## WHAT THE TASK ASKS
Look through the data below for the line with "Keep the same format for the plant" and the line with "Keep the same format for the ink", then output those two and all lines in between, exactly as written.

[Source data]
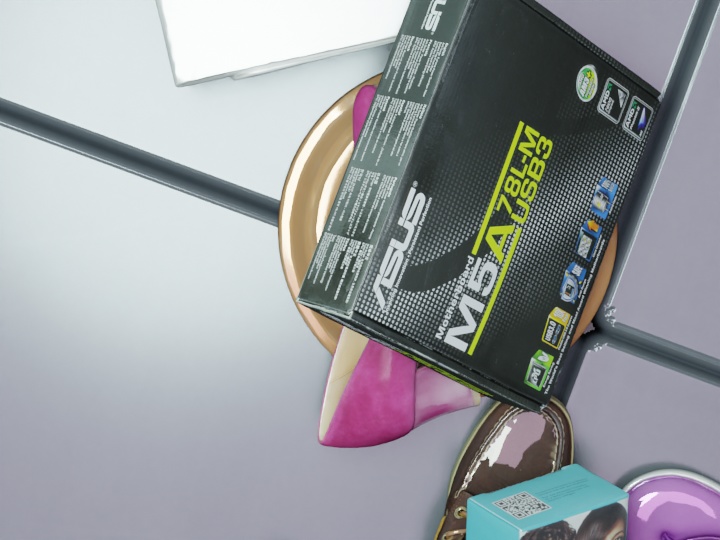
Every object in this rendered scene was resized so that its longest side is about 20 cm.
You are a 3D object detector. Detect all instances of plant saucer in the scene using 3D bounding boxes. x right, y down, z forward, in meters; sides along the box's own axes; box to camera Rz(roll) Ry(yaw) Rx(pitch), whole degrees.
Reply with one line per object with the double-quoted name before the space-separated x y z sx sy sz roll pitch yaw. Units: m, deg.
"plant saucer" 0.051 -0.023 1.451 0.200 0.032 0.201 0 95 -2

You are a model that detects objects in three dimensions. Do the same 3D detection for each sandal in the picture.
"sandal" 0.228 0.201 1.461 0.082 0.050 0.203 -38 94 2

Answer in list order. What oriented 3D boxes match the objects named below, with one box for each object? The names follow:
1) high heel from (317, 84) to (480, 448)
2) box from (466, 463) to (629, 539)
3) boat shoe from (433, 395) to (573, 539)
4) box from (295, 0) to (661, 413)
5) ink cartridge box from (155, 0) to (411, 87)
"high heel" 0.000 0.000 1.404 0.096 0.067 0.201 -16 107 -10
"box" 0.104 0.217 1.417 0.082 0.049 0.201 -14 116 -33
"boat shoe" 0.073 0.167 1.445 0.072 0.072 0.200 24 93 -3
"box" 0.069 -0.042 1.348 0.047 0.193 0.200 17 82 38
"ink cartridge box" -0.053 -0.212 1.378 0.146 0.147 0.201 -12 95 -1
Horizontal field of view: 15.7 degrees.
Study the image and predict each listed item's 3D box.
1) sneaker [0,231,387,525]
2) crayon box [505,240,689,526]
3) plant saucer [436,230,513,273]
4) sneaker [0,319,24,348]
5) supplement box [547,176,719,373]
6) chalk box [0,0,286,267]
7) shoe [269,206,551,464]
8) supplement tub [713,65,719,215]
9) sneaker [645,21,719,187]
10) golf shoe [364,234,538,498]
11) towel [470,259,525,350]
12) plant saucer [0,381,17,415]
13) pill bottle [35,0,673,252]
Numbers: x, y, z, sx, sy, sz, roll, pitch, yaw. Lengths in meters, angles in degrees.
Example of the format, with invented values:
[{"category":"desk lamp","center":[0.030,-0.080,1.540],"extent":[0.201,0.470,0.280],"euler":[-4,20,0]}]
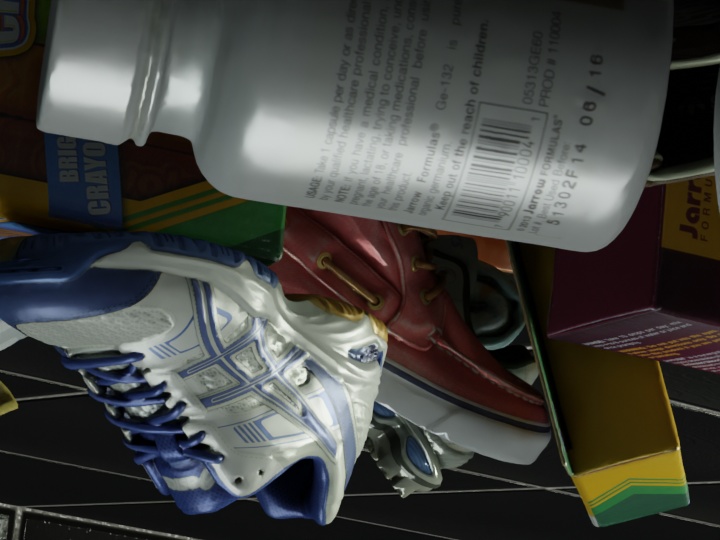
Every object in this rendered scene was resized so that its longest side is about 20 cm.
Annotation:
[{"category":"sneaker","center":[-0.058,0.042,0.941],"extent":[0.075,0.088,0.200],"euler":[0,166,39]},{"category":"crayon box","center":[0.107,0.039,1.178],"extent":[0.051,0.126,0.200],"euler":[-15,166,6]},{"category":"plant saucer","center":[0.100,-0.030,1.258],"extent":[0.200,0.032,0.200],"euler":[6,168,1]},{"category":"sneaker","center":[-0.151,-0.001,1.150],"extent":[0.087,0.075,0.200],"euler":[-37,179,-34]},{"category":"supplement box","center":[0.186,-0.012,1.097],"extent":[0.200,0.111,0.086],"euler":[12,167,-25]},{"category":"chalk box","center":[-0.134,-0.070,0.961],"extent":[0.200,0.125,0.124],"euler":[10,168,-22]},{"category":"shoe","center":[0.012,0.001,1.089],"extent":[0.200,0.091,0.071],"euler":[29,-174,-17]},{"category":"supplement tub","center":[0.229,-0.042,0.837],"extent":[0.200,0.145,0.145],"euler":[0,167,33]},{"category":"sneaker","center":[0.085,-0.061,0.983],"extent":[0.200,0.071,0.076],"euler":[-9,-174,21]},{"category":"golf shoe","center":[0.000,0.000,1.160],"extent":[0.200,0.097,0.078],"euler":[52,-178,-21]},{"category":"towel","center":[-0.020,-0.006,1.278],"extent":[0.200,0.048,0.171],"euler":[20,179,-2]},{"category":"plant saucer","center":[-0.270,0.021,1.240],"extent":[0.200,0.048,0.200],"euler":[44,-172,3]},{"category":"pill bottle","center":[-0.004,-0.076,0.880],"extent":[0.200,0.115,0.114],"euler":[9,169,-9]}]
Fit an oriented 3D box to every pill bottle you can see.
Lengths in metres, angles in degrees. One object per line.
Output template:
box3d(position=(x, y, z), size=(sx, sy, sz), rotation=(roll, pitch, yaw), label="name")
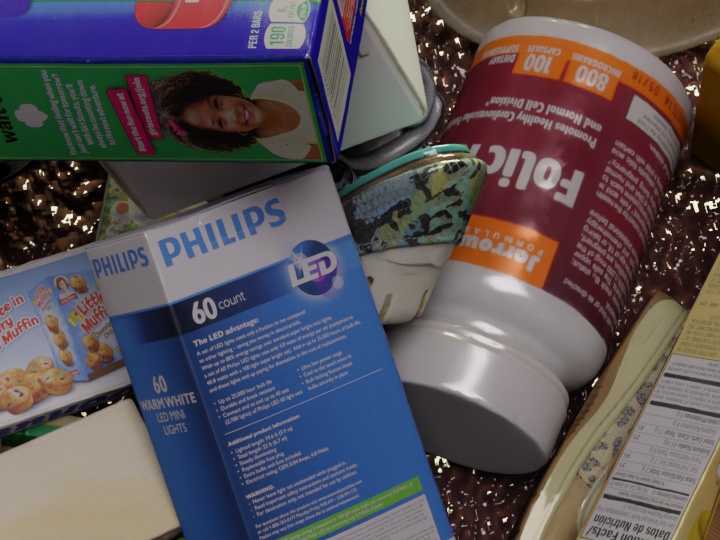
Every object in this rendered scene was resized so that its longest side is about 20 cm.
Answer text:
box3d(position=(0.078, -0.011, 1.356), size=(0.114, 0.114, 0.200), rotation=(21, 68, 4), label="pill bottle")

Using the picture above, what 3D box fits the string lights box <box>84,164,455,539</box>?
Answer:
box3d(position=(-0.035, 0.065, 1.232), size=(0.103, 0.059, 0.200), rotation=(-21, 94, -33), label="string lights box")

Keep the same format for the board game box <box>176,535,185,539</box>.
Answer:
box3d(position=(-0.050, 0.182, 1.276), size=(0.200, 0.045, 0.135), rotation=(-28, 82, -27), label="board game box")

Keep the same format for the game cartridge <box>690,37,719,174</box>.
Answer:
box3d(position=(0.245, -0.027, 1.341), size=(0.200, 0.176, 0.032), rotation=(41, 84, 12), label="game cartridge")

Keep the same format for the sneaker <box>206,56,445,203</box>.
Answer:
box3d(position=(-0.003, -0.116, 1.368), size=(0.114, 0.075, 0.200), rotation=(5, 67, 42), label="sneaker")

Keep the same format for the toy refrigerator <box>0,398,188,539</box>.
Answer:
box3d(position=(-0.179, 0.133, 1.228), size=(0.200, 0.076, 0.070), rotation=(-23, 80, -27), label="toy refrigerator")

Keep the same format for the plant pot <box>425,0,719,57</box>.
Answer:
box3d(position=(0.120, -0.235, 1.420), size=(0.200, 0.201, 0.184), rotation=(-1, 57, -4), label="plant pot")

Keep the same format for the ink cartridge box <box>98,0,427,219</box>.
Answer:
box3d(position=(-0.060, -0.140, 1.308), size=(0.146, 0.084, 0.200), rotation=(-20, 50, 14), label="ink cartridge box")

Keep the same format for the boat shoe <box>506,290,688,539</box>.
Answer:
box3d(position=(0.121, 0.101, 1.338), size=(0.063, 0.073, 0.200), rotation=(30, 67, 4), label="boat shoe")

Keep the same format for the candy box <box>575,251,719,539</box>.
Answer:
box3d(position=(0.187, 0.077, 1.327), size=(0.055, 0.115, 0.200), rotation=(9, 62, 41), label="candy box")

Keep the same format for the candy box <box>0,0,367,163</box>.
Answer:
box3d(position=(-0.101, -0.129, 1.189), size=(0.200, 0.077, 0.169), rotation=(-1, 52, 12), label="candy box")

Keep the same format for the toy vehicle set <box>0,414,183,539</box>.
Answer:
box3d(position=(-0.153, 0.128, 1.298), size=(0.200, 0.027, 0.124), rotation=(9, 67, -17), label="toy vehicle set")

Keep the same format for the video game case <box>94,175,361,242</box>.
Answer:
box3d(position=(-0.056, -0.036, 1.408), size=(0.143, 0.018, 0.200), rotation=(9, 68, 0), label="video game case")

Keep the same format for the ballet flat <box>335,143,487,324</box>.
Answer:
box3d(position=(0.000, 0.000, 1.295), size=(0.074, 0.200, 0.074), rotation=(9, 71, -27), label="ballet flat")

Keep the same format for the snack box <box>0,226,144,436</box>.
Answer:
box3d(position=(-0.157, 0.035, 1.303), size=(0.200, 0.024, 0.072), rotation=(-18, 78, -25), label="snack box")

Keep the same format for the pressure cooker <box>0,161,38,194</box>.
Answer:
box3d(position=(-0.228, -0.113, 1.342), size=(0.178, 0.176, 0.200), rotation=(-8, 71, -9), label="pressure cooker")
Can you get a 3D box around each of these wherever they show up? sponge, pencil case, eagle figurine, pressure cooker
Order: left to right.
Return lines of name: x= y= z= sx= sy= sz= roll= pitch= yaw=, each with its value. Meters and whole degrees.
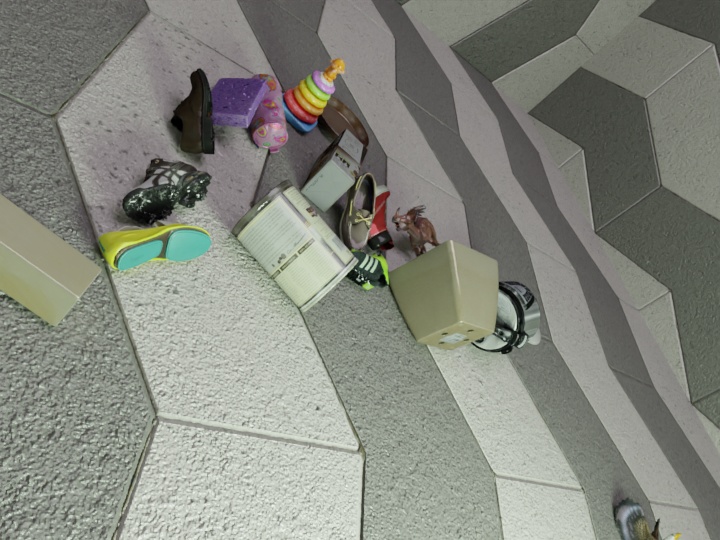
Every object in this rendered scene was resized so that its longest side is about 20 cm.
sponge: x=-0.277 y=-0.369 z=1.394 sx=0.110 sy=0.030 sz=0.201 roll=3 pitch=37 yaw=4
pencil case: x=-0.218 y=-0.369 z=1.491 sx=0.087 sy=0.087 sz=0.202 roll=23 pitch=40 yaw=-39
pressure cooker: x=0.354 y=0.122 z=1.639 sx=0.199 sy=0.174 sz=0.182 roll=-3 pitch=83 yaw=-54
eagle figurine: x=0.735 y=0.692 z=1.608 sx=0.200 sy=0.149 sz=0.154 roll=-131 pitch=-143 yaw=-74

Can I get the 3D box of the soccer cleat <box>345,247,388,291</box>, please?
soccer cleat: x=0.000 y=0.000 z=1.399 sx=0.199 sy=0.067 sz=0.082 roll=6 pitch=64 yaw=-52

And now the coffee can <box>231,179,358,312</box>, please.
coffee can: x=-0.121 y=-0.045 z=1.192 sx=0.200 sy=0.146 sz=0.146 roll=49 pitch=29 yaw=-4

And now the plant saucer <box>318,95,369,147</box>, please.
plant saucer: x=-0.057 y=-0.413 z=1.808 sx=0.199 sy=0.034 sz=0.202 roll=35 pitch=33 yaw=-27

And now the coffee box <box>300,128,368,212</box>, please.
coffee box: x=-0.059 y=-0.243 z=1.535 sx=0.080 sy=0.113 sz=0.201 roll=41 pitch=31 yaw=-15

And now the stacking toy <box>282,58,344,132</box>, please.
stacking toy: x=-0.109 y=-0.461 z=1.620 sx=0.116 sy=0.200 sz=0.110 roll=43 pitch=30 yaw=-10

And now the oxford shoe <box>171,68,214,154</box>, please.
oxford shoe: x=-0.333 y=-0.319 z=1.263 sx=0.083 sy=0.073 sz=0.202 roll=-4 pitch=61 yaw=-7

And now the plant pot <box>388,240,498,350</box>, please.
plant pot: x=0.206 y=0.072 z=1.483 sx=0.198 sy=0.199 sz=0.179 roll=19 pitch=53 yaw=-43

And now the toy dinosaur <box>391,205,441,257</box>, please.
toy dinosaur: x=0.156 y=-0.109 z=1.669 sx=0.137 sy=0.085 sz=0.200 roll=65 pitch=15 yaw=1

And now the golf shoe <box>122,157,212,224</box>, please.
golf shoe: x=-0.344 y=-0.140 z=1.083 sx=0.094 sy=0.078 sz=0.200 roll=36 pitch=26 yaw=9

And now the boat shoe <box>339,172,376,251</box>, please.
boat shoe: x=-0.001 y=-0.131 z=1.478 sx=0.071 sy=0.059 sz=0.203 roll=17 pitch=66 yaw=-21

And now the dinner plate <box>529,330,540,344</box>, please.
dinner plate: x=0.498 y=0.136 z=1.974 sx=0.199 sy=0.024 sz=0.202 roll=36 pitch=32 yaw=-26

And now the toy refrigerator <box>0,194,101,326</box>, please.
toy refrigerator: x=-0.441 y=-0.024 z=0.808 sx=0.200 sy=0.070 sz=0.076 roll=41 pitch=24 yaw=-19

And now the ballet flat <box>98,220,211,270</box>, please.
ballet flat: x=-0.323 y=-0.049 z=1.009 sx=0.067 sy=0.067 sz=0.199 roll=37 pitch=26 yaw=20

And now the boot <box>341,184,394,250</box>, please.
boot: x=0.049 y=-0.126 z=1.601 sx=0.145 sy=0.072 sz=0.200 roll=50 pitch=37 yaw=-2
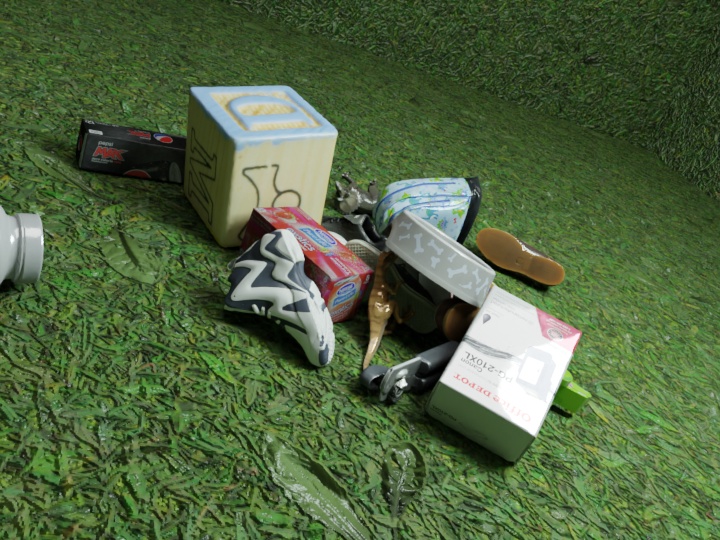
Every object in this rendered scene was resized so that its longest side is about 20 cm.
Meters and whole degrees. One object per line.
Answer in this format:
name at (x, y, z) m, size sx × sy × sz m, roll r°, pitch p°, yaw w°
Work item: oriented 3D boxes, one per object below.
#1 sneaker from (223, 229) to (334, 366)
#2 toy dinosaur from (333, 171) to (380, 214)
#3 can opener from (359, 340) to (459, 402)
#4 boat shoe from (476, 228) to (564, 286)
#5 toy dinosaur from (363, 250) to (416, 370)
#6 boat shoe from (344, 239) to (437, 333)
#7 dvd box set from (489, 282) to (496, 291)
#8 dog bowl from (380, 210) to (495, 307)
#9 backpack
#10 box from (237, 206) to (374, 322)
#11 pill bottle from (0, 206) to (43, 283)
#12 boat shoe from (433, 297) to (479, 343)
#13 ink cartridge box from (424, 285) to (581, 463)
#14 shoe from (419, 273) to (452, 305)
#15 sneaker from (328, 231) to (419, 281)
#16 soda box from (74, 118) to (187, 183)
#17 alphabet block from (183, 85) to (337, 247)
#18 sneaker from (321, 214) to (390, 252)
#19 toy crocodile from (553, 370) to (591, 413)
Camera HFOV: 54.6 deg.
sneaker at (-0.124, 0.055, 0.976) m, size 0.199 × 0.129 × 0.079 m, roll 66°, pitch 13°, yaw 1°
toy dinosaur at (0.007, -0.151, 1.471) m, size 0.200 × 0.077 × 0.102 m, roll 9°, pitch 42°, yaw -37°
can opener at (0.076, 0.135, 0.999) m, size 0.067 × 0.053 × 0.200 m, roll 28°, pitch 23°, yaw 29°
boat shoe at (0.336, -0.026, 1.481) m, size 0.200 × 0.070 × 0.070 m, roll 32°, pitch 10°, yaw 6°
toy dinosaur at (0.029, 0.071, 1.056) m, size 0.060 × 0.200 × 0.106 m, roll -8°, pitch -24°, yaw 37°
boat shoe at (0.048, 0.023, 1.131) m, size 0.200 × 0.075 × 0.062 m, roll 40°, pitch 20°, yaw -11°
dvd box set at (0.244, 0.053, 1.215) m, size 0.200 × 0.029 × 0.146 m, roll 50°, pitch 8°, yaw 29°
dog bowl at (0.124, -0.023, 1.094) m, size 0.200 × 0.059 × 0.200 m, roll 33°, pitch 10°, yaw -6°
backpack at (0.124, -0.108, 1.381) m, size 0.200 × 0.163 × 0.154 m, roll 11°, pitch 43°, yaw -10°
box at (-0.089, -0.012, 1.089) m, size 0.100 × 0.096 × 0.200 m, roll -8°, pitch 40°, yaw -48°
pill bottle at (-0.477, -0.030, 0.796) m, size 0.200 × 0.113 × 0.113 m, roll 2°, pitch 34°, yaw -35°
boat shoe at (0.167, 0.081, 1.129) m, size 0.070 × 0.070 × 0.200 m, roll 33°, pitch 5°, yaw 37°
ink cartridge box at (0.201, 0.140, 0.975) m, size 0.145 × 0.084 × 0.200 m, roll 29°, pitch 52°, yaw 12°
shoe at (0.147, 0.012, 1.260) m, size 0.091 × 0.072 × 0.200 m, roll 9°, pitch 27°, yaw -20°
sneaker at (0.000, 0.000, 1.182) m, size 0.200 × 0.071 × 0.080 m, roll 18°, pitch 32°, yaw 5°
soda box at (-0.392, -0.208, 1.235) m, size 0.200 × 0.071 × 0.063 m, roll 5°, pitch 31°, yaw -33°
alphabet block at (-0.176, -0.182, 1.183) m, size 0.195 × 0.200 × 0.196 m, roll -9°, pitch 40°, yaw -30°
sneaker at (-0.022, -0.072, 1.259) m, size 0.200 × 0.091 × 0.066 m, roll 32°, pitch 27°, yaw 16°
toy crocodile at (0.261, 0.160, 1.084) m, size 0.200 × 0.068 × 0.062 m, roll 24°, pitch 27°, yaw 2°

## RESPONSE FOR THIS EXERCISE
Keep the same format for the plant pot <box>425,0,719,57</box>.
Answer:
box3d(position=(0.120, -0.235, 1.420), size=(0.200, 0.201, 0.184), rotation=(-1, 57, -4), label="plant pot")

Keep the same format for the ink cartridge box <box>98,0,427,219</box>.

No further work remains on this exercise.